Work request: Write out all the entries word for word, but skip any images.

Information:
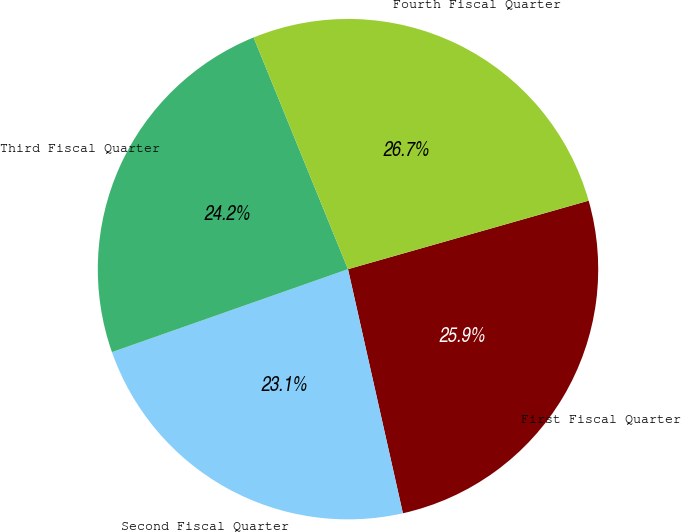Convert chart to OTSL. <chart><loc_0><loc_0><loc_500><loc_500><pie_chart><fcel>First Fiscal Quarter<fcel>Second Fiscal Quarter<fcel>Third Fiscal Quarter<fcel>Fourth Fiscal Quarter<nl><fcel>25.89%<fcel>23.14%<fcel>24.22%<fcel>26.74%<nl></chart> 
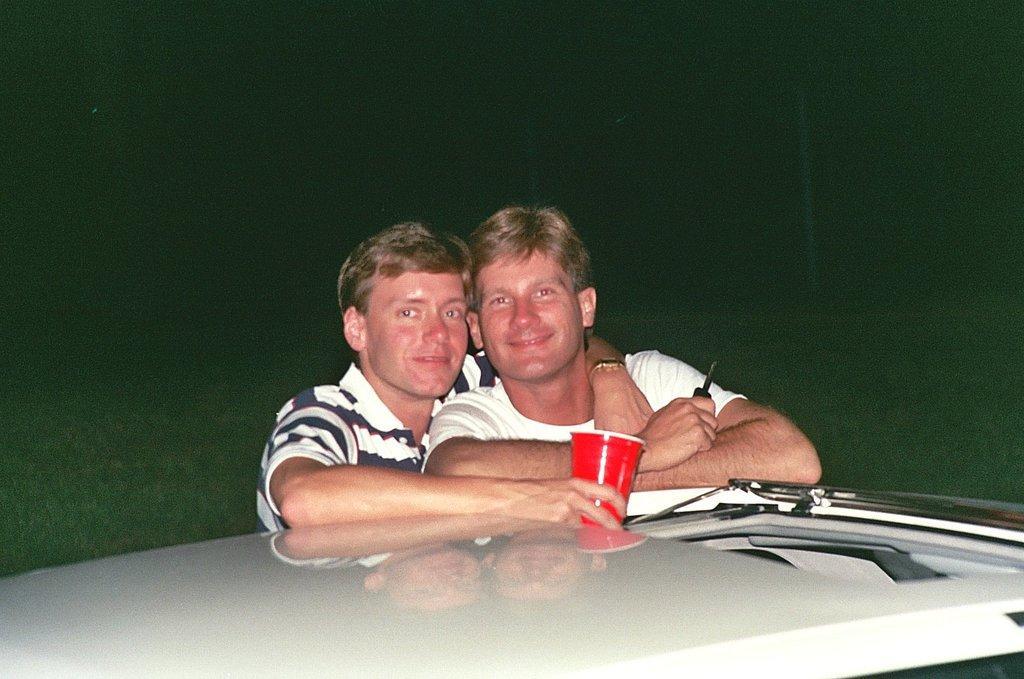Could you give a brief overview of what you see in this image? In this picture there are two men smiling and this man holding a glass, in front of these two men we can see white platform. In the background of the image it is dark. 
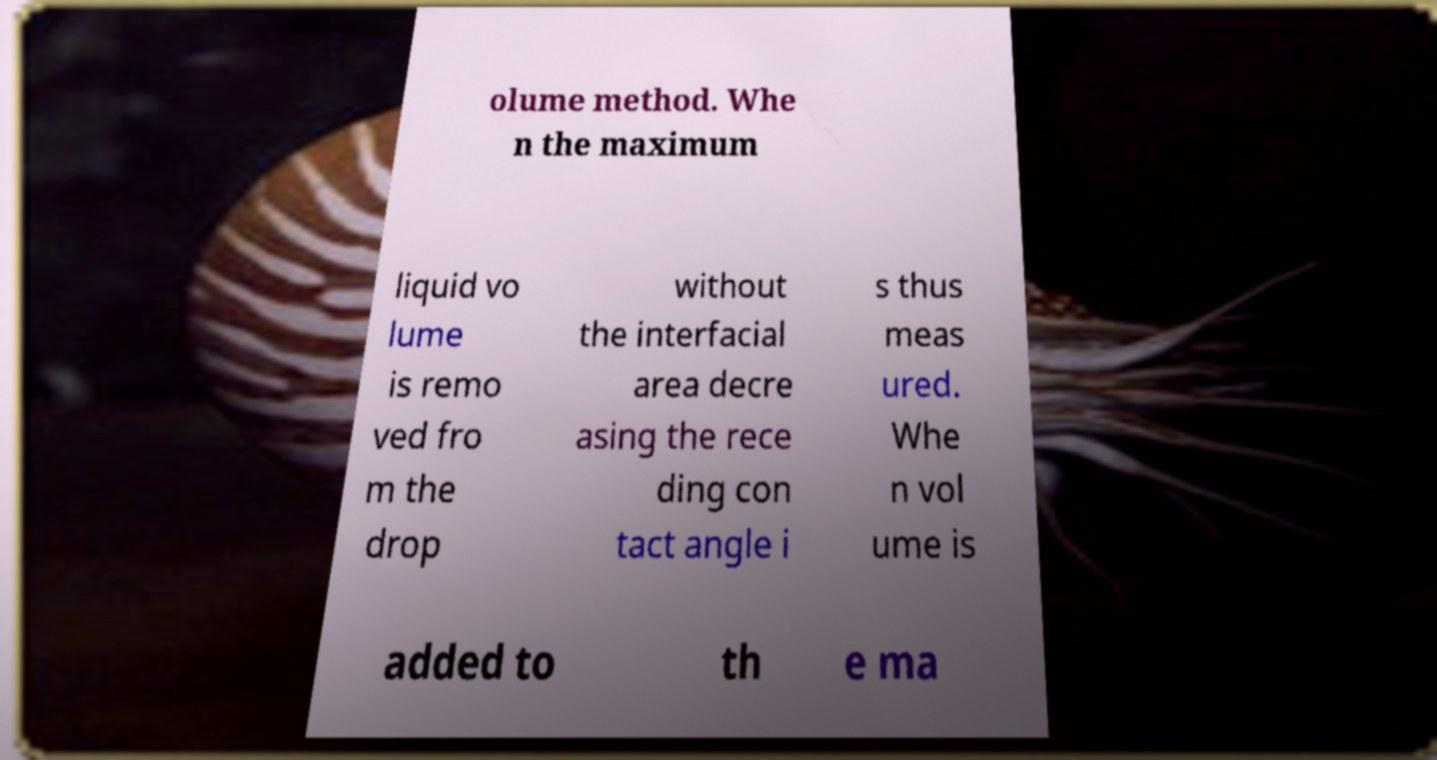Please read and relay the text visible in this image. What does it say? olume method. Whe n the maximum liquid vo lume is remo ved fro m the drop without the interfacial area decre asing the rece ding con tact angle i s thus meas ured. Whe n vol ume is added to th e ma 
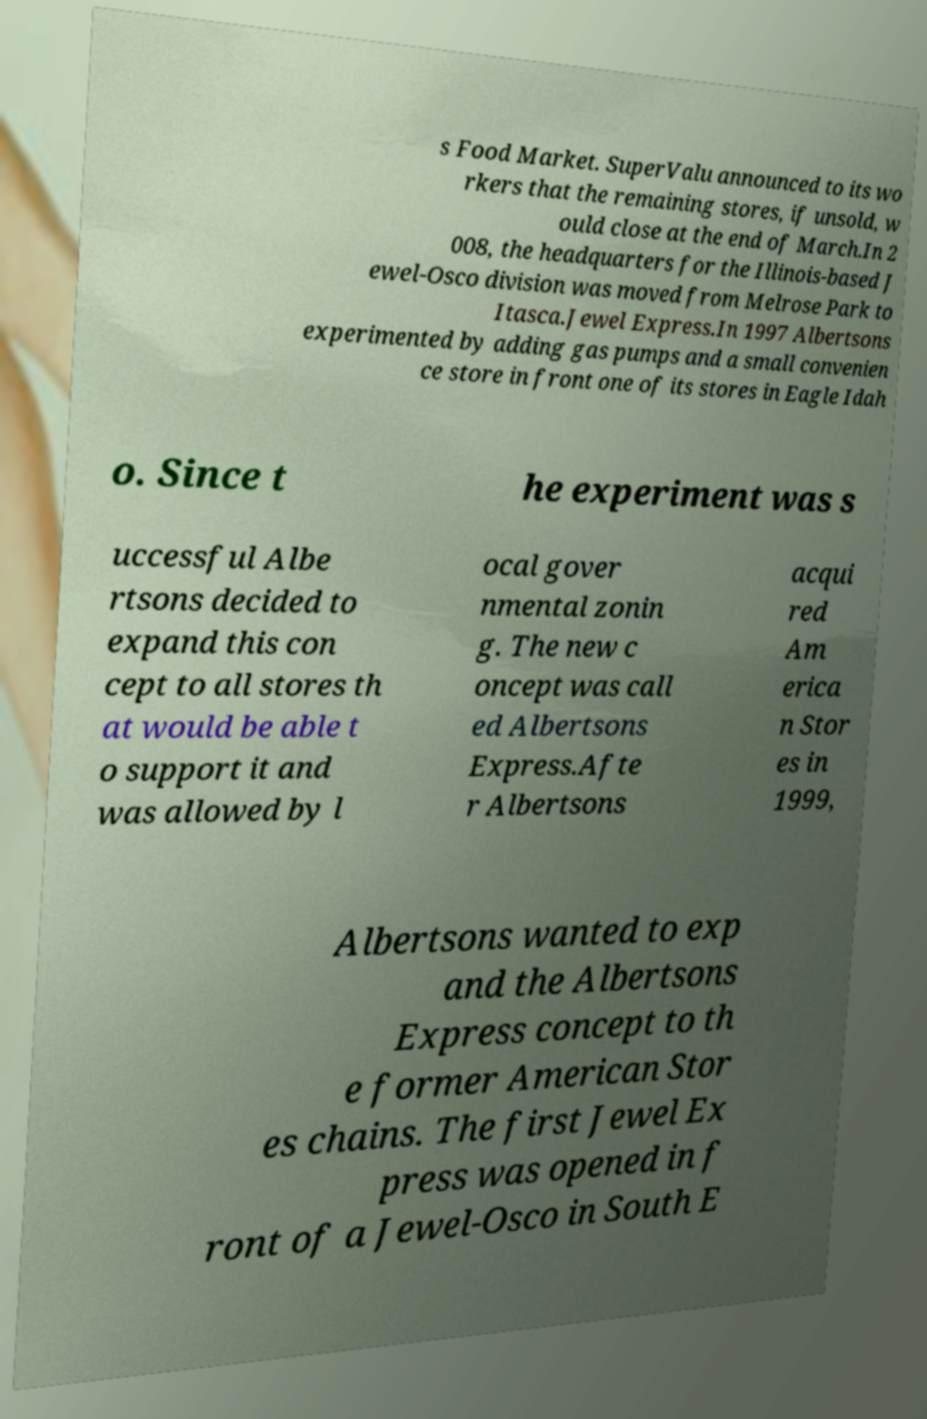Can you accurately transcribe the text from the provided image for me? s Food Market. SuperValu announced to its wo rkers that the remaining stores, if unsold, w ould close at the end of March.In 2 008, the headquarters for the Illinois-based J ewel-Osco division was moved from Melrose Park to Itasca.Jewel Express.In 1997 Albertsons experimented by adding gas pumps and a small convenien ce store in front one of its stores in Eagle Idah o. Since t he experiment was s uccessful Albe rtsons decided to expand this con cept to all stores th at would be able t o support it and was allowed by l ocal gover nmental zonin g. The new c oncept was call ed Albertsons Express.Afte r Albertsons acqui red Am erica n Stor es in 1999, Albertsons wanted to exp and the Albertsons Express concept to th e former American Stor es chains. The first Jewel Ex press was opened in f ront of a Jewel-Osco in South E 
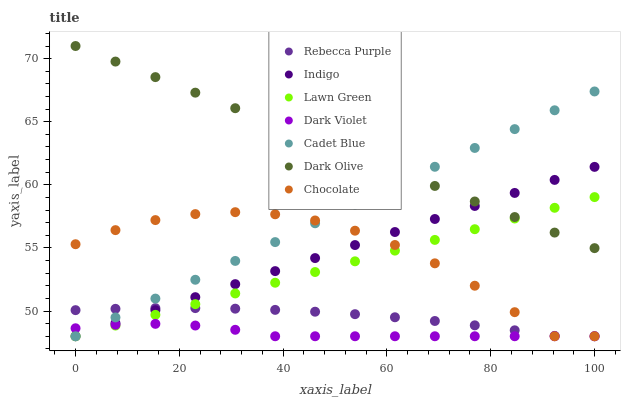Does Dark Violet have the minimum area under the curve?
Answer yes or no. Yes. Does Dark Olive have the maximum area under the curve?
Answer yes or no. Yes. Does Cadet Blue have the minimum area under the curve?
Answer yes or no. No. Does Cadet Blue have the maximum area under the curve?
Answer yes or no. No. Is Indigo the smoothest?
Answer yes or no. Yes. Is Chocolate the roughest?
Answer yes or no. Yes. Is Cadet Blue the smoothest?
Answer yes or no. No. Is Cadet Blue the roughest?
Answer yes or no. No. Does Lawn Green have the lowest value?
Answer yes or no. Yes. Does Dark Olive have the lowest value?
Answer yes or no. No. Does Dark Olive have the highest value?
Answer yes or no. Yes. Does Cadet Blue have the highest value?
Answer yes or no. No. Is Dark Violet less than Dark Olive?
Answer yes or no. Yes. Is Dark Olive greater than Rebecca Purple?
Answer yes or no. Yes. Does Lawn Green intersect Indigo?
Answer yes or no. Yes. Is Lawn Green less than Indigo?
Answer yes or no. No. Is Lawn Green greater than Indigo?
Answer yes or no. No. Does Dark Violet intersect Dark Olive?
Answer yes or no. No.

Solution:
Convert chart to OTSL. <chart><loc_0><loc_0><loc_500><loc_500><pie_chart><fcel>First Fiscal Quarter<fcel>Second Fiscal Quarter<fcel>Third Fiscal Quarter<fcel>Fourth Fiscal Quarter<nl><fcel>25.89%<fcel>23.14%<fcel>24.22%<fcel>26.74%<nl></chart> 
Could you give a brief overview of what you see in this image? In this picture there are two men smiling and this man holding a glass, in front of these two men we can see white platform. In the background of the image it is dark. 
Please read and relay the text visible in this image. What does it say? olume method. Whe n the maximum liquid vo lume is remo ved fro m the drop without the interfacial area decre asing the rece ding con tact angle i s thus meas ured. Whe n vol ume is added to th e ma 
Can you accurately transcribe the text from the provided image for me? s Food Market. SuperValu announced to its wo rkers that the remaining stores, if unsold, w ould close at the end of March.In 2 008, the headquarters for the Illinois-based J ewel-Osco division was moved from Melrose Park to Itasca.Jewel Express.In 1997 Albertsons experimented by adding gas pumps and a small convenien ce store in front one of its stores in Eagle Idah o. Since t he experiment was s uccessful Albe rtsons decided to expand this con cept to all stores th at would be able t o support it and was allowed by l ocal gover nmental zonin g. The new c oncept was call ed Albertsons Express.Afte r Albertsons acqui red Am erica n Stor es in 1999, Albertsons wanted to exp and the Albertsons Express concept to th e former American Stor es chains. The first Jewel Ex press was opened in f ront of a Jewel-Osco in South E 
Does Dark Violet have the minimum area under the curve?
Answer yes or no. Yes. Does Dark Olive have the maximum area under the curve?
Answer yes or no. Yes. Does Cadet Blue have the minimum area under the curve?
Answer yes or no. No. Does Cadet Blue have the maximum area under the curve?
Answer yes or no. No. Is Indigo the smoothest?
Answer yes or no. Yes. Is Chocolate the roughest?
Answer yes or no. Yes. Is Cadet Blue the smoothest?
Answer yes or no. No. Is Cadet Blue the roughest?
Answer yes or no. No. Does Lawn Green have the lowest value?
Answer yes or no. Yes. Does Dark Olive have the lowest value?
Answer yes or no. No. Does Dark Olive have the highest value?
Answer yes or no. Yes. Does Cadet Blue have the highest value?
Answer yes or no. No. Is Dark Violet less than Dark Olive?
Answer yes or no. Yes. Is Dark Olive greater than Rebecca Purple?
Answer yes or no. Yes. Does Lawn Green intersect Indigo?
Answer yes or no. Yes. Is Lawn Green less than Indigo?
Answer yes or no. No. Is Lawn Green greater than Indigo?
Answer yes or no. No. Does Dark Violet intersect Dark Olive?
Answer yes or no. No.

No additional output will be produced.